Üriner infeksiyon varsa, ürogenital girişim sırasında bakteriyemi olasılığı çok yüksektir.

a) Bakteriürisi olan hastalara uygun antibiyotik tedavisi yapılarak, taş kırma dahil, üriner sisteme yönelik tüm girişimlerden önce idrar steril hale getirilmelidir.

b) Transuretral prostat rezeksiyonu (TUR), üretra dilatasyonu ve sistoskopi, bakteriyemiye yol açan ve profilaksi gerektiren işlemlerdir. Mesane kateterizasyonunda ise bakteriyemi riski düşüktür ve profilaksi önerilmez.

c) Normal vajinal doğum sırasında bakteriyemi gelişmesi beklenmez. Profilaksi sadece yüksek riskli hastalar için önerilir.

d) İnfeksiyon yoksa medikal abortus, küretaj, rahimiçi araç yerleştirilmesi veya çıkarılması anlamlı bakteriyemiye yol açmaz.

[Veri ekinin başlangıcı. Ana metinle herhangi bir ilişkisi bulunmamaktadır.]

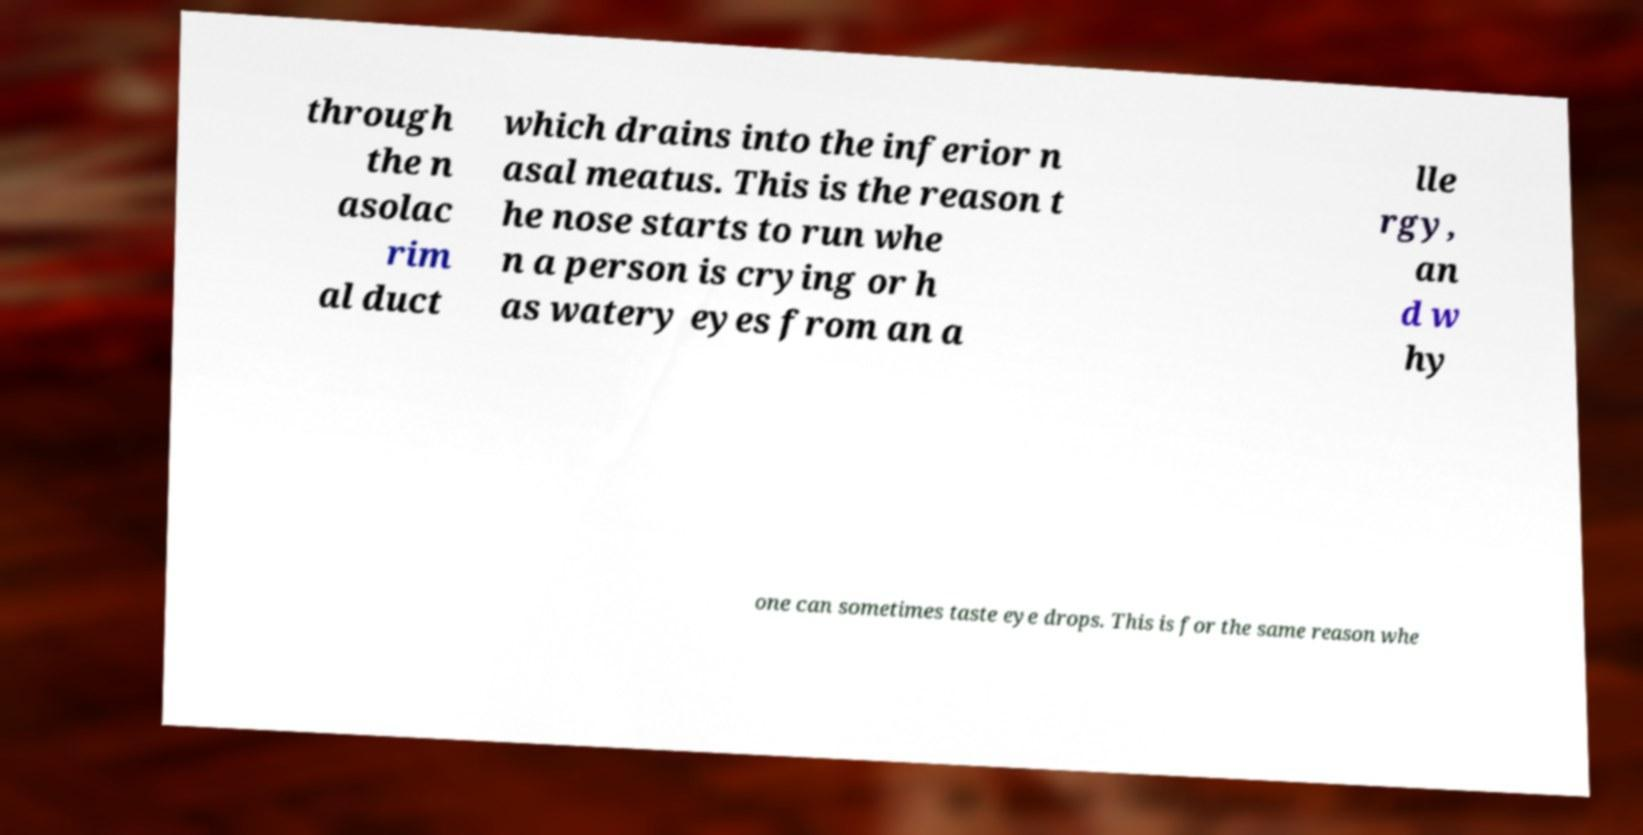For documentation purposes, I need the text within this image transcribed. Could you provide that? through the n asolac rim al duct which drains into the inferior n asal meatus. This is the reason t he nose starts to run whe n a person is crying or h as watery eyes from an a lle rgy, an d w hy one can sometimes taste eye drops. This is for the same reason whe 
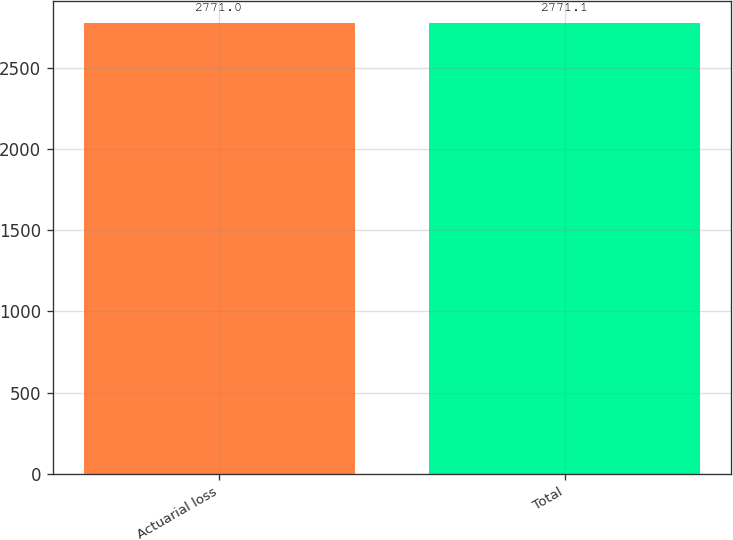Convert chart to OTSL. <chart><loc_0><loc_0><loc_500><loc_500><bar_chart><fcel>Actuarial loss<fcel>Total<nl><fcel>2771<fcel>2771.1<nl></chart>

Buna karşılık infekte bir rahimiçi aracın çıkarılması bakteriyemiye sebep olabilir.

 

Diğer girişimler

a) Kalp kateterizasyonu veya balon anjiyoplasti, kardiyak “pacemaker” veya defibrilatör yerleştirilmesi sırasında, asepsi kurallarına uyulmuşsa, bakteriyemi riski çok düşüktür. Buna rağmen kalıcı “pacemaker” konulması sırasında cep infeksiyonlarını ve infektif komplikasyonları önlemek için antibiyotik profilaksisi önerilir.

b) Karaciğer, böbrek vd. organ biyopsileri, deri biyopsisi, sünnet, profilaksi gerektirmeyen işlemlerdir.